Available records below:

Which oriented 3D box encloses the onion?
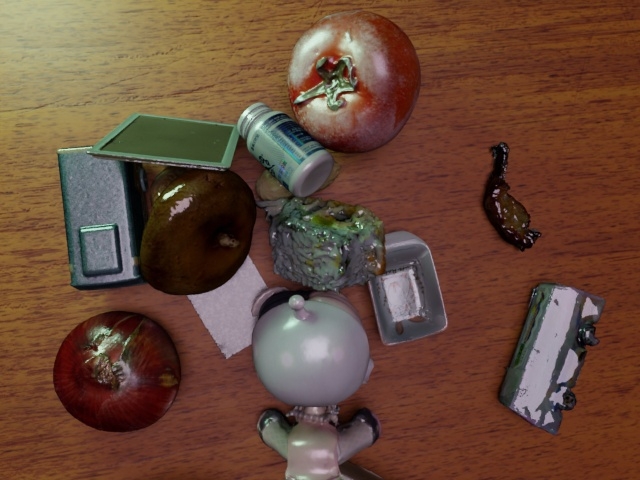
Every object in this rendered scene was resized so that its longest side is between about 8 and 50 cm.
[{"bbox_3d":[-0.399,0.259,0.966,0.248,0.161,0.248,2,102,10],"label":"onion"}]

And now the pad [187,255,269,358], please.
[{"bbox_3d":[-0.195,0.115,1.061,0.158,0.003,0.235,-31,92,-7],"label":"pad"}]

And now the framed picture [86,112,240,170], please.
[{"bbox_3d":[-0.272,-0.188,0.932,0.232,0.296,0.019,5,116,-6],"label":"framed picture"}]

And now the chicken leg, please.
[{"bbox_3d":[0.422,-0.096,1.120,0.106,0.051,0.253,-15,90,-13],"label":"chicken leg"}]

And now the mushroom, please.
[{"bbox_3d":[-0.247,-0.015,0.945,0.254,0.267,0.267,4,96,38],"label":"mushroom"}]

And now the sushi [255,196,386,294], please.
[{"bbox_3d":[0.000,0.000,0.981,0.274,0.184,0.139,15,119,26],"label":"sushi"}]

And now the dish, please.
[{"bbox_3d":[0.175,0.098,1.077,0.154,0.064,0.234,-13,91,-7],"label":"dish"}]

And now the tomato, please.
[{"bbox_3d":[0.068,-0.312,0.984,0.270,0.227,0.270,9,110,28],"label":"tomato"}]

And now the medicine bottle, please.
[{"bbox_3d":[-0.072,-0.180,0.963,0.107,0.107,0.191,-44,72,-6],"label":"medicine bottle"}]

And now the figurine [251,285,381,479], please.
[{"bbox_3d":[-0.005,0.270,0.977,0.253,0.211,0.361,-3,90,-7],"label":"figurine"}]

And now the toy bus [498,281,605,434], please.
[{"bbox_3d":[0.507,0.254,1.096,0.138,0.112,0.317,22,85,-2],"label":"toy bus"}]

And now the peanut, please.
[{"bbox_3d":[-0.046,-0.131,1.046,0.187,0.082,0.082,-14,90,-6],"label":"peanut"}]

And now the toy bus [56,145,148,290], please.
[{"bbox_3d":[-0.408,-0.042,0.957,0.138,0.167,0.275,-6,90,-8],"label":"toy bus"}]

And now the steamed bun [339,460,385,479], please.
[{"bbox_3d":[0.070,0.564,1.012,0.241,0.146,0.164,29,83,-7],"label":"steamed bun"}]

End of Available records.
Available records below:

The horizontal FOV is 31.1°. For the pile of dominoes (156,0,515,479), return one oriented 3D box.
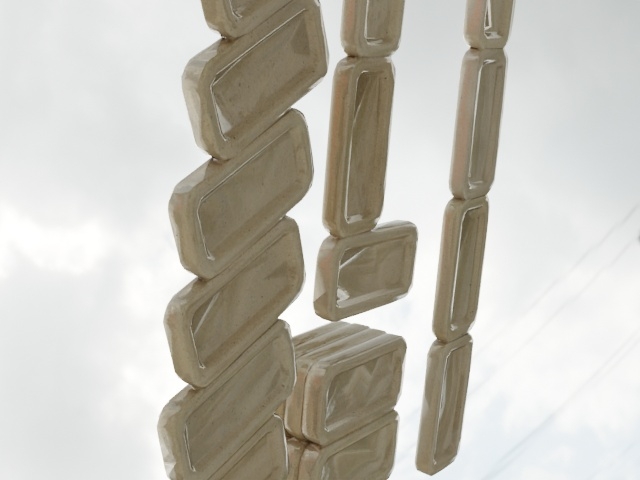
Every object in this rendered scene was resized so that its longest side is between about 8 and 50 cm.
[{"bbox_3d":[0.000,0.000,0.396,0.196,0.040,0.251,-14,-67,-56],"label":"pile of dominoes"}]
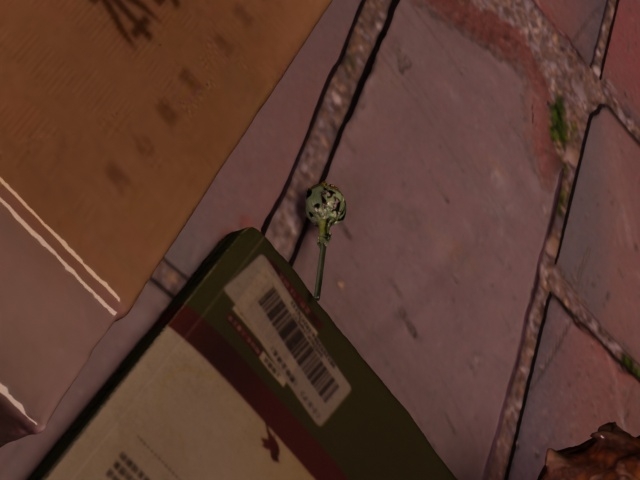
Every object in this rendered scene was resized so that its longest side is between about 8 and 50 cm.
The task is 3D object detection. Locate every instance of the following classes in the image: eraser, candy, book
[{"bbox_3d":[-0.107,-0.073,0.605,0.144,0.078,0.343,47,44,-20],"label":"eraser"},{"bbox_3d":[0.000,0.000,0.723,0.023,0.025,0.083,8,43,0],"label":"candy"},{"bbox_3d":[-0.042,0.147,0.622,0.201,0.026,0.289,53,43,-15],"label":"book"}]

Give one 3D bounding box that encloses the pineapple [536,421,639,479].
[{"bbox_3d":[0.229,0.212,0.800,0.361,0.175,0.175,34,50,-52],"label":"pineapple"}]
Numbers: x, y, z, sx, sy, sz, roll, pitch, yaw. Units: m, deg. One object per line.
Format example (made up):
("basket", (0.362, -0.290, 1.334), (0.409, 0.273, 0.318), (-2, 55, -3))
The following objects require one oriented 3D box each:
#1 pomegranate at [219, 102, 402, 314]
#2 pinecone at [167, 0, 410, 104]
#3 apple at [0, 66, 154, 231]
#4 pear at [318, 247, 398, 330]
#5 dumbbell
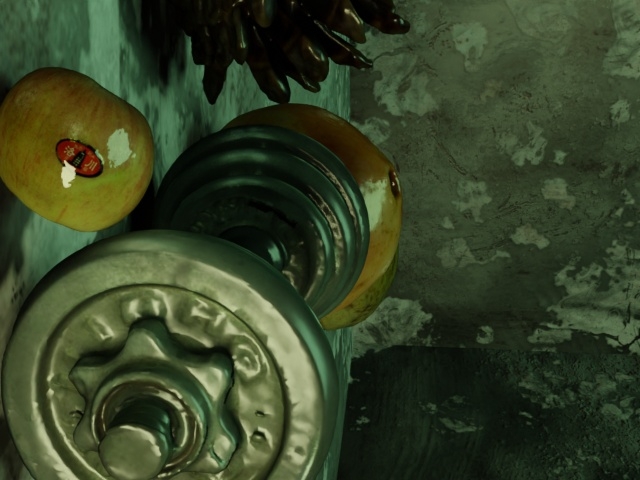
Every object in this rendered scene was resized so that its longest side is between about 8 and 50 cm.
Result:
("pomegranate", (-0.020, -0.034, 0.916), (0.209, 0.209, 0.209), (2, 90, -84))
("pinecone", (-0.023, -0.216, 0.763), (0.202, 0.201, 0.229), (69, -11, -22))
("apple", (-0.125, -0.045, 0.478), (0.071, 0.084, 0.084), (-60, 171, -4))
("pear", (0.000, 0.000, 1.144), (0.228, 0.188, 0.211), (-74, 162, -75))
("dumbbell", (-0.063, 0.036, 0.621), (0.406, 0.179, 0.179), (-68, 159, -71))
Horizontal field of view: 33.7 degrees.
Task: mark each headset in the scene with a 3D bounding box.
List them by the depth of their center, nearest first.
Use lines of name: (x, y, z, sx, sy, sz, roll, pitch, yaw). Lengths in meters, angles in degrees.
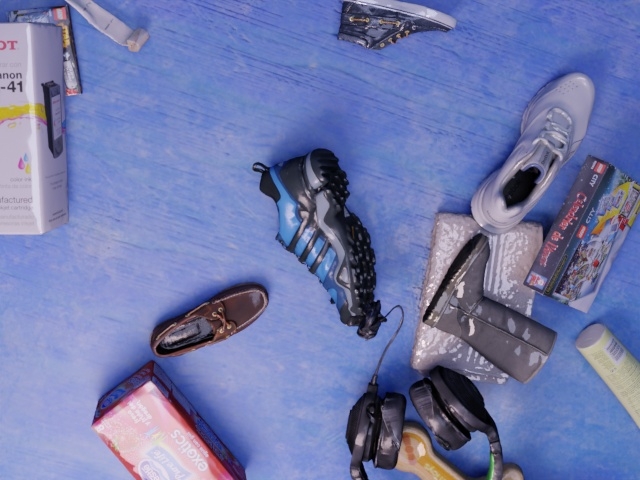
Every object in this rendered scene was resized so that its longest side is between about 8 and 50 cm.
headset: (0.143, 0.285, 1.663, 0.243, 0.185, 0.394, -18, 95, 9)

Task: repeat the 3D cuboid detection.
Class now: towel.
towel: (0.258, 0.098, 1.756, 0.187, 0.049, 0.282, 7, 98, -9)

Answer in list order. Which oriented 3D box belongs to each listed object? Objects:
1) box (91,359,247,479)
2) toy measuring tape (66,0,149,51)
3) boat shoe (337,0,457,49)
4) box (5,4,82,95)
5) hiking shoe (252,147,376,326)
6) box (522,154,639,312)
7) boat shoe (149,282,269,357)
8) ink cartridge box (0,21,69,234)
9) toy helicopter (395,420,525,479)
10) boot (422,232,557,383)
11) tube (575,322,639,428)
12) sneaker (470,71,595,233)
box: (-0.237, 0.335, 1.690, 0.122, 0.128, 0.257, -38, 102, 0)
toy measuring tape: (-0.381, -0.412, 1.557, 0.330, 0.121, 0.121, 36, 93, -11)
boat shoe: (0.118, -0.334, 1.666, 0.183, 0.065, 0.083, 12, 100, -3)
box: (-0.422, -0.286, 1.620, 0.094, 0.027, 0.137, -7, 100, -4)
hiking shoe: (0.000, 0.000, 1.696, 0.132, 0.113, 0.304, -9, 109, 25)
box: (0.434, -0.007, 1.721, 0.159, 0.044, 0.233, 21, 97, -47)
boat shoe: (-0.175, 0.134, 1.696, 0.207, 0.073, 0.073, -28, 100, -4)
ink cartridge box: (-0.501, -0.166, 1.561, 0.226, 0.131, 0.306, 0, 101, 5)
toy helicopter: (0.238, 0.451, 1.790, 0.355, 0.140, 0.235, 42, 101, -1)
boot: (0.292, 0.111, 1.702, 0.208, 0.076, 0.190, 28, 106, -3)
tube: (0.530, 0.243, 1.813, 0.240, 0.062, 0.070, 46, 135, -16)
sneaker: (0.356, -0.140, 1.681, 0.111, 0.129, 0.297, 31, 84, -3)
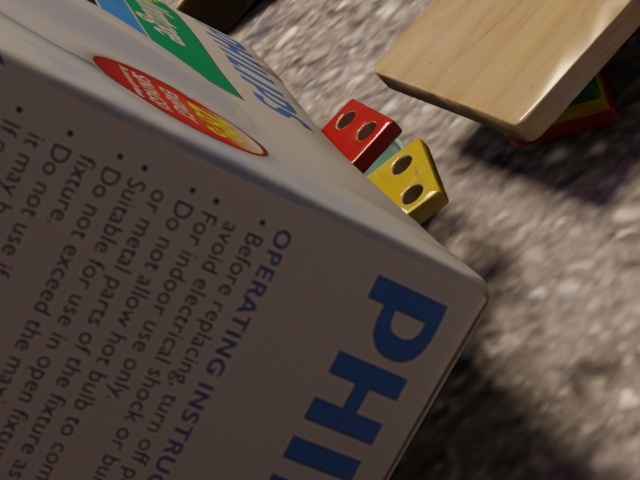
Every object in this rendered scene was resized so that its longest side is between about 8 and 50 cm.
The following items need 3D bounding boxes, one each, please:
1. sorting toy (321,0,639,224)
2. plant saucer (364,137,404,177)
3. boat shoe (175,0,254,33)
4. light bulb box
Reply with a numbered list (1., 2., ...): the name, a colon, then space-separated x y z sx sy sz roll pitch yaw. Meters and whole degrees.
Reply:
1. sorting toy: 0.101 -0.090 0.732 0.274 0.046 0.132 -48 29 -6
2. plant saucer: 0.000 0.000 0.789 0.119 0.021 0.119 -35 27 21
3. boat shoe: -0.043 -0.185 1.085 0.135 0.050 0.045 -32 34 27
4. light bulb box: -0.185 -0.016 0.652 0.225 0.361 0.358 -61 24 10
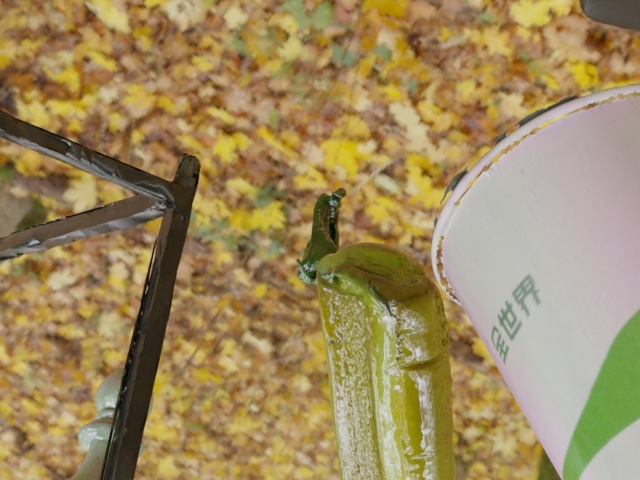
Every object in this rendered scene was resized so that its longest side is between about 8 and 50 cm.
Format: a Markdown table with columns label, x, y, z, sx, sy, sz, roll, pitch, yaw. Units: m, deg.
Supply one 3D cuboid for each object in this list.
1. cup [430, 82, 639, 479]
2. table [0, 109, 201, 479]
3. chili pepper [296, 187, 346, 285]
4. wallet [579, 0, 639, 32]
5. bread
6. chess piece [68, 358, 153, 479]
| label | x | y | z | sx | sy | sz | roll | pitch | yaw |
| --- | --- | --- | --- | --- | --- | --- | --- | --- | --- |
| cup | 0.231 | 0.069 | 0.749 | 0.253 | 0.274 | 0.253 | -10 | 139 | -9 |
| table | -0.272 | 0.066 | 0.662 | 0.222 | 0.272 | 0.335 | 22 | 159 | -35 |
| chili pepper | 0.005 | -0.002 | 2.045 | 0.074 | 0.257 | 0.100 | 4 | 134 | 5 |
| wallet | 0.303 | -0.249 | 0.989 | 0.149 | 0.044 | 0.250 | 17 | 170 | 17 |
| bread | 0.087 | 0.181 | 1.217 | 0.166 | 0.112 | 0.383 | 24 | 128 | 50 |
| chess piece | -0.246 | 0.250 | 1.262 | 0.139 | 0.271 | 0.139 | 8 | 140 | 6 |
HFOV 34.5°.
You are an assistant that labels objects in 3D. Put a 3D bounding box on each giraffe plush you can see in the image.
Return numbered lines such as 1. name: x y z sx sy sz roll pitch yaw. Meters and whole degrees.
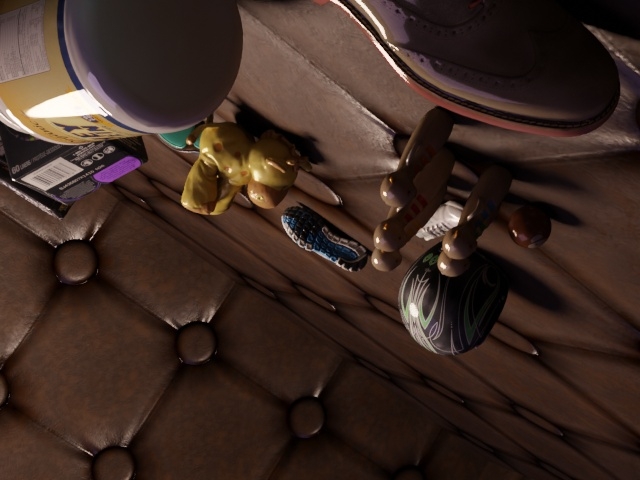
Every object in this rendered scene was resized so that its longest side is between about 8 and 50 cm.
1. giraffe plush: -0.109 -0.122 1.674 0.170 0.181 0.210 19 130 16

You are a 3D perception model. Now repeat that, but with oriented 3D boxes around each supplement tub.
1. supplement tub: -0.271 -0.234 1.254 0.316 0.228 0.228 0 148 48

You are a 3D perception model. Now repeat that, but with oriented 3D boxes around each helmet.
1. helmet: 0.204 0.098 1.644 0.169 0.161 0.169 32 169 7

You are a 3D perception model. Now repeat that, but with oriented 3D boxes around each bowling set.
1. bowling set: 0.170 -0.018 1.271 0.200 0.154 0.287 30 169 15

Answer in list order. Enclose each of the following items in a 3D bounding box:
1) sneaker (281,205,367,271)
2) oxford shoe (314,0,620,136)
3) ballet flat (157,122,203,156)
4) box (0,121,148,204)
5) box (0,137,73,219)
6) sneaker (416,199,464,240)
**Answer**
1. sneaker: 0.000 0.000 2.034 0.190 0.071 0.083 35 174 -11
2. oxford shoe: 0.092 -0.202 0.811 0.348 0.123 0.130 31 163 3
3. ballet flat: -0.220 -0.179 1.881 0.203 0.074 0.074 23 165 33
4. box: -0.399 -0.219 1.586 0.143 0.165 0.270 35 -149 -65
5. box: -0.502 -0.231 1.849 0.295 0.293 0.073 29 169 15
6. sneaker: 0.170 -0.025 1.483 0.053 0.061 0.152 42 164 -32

End of Available records.

→ Aim of the task
For this listing, copy out every line that includes the word "items".

→ Exercise answer
The following items need 3D bounding boxes, one each, please:
Answer in list order. Enclose each of the following items in a 3D bounding box:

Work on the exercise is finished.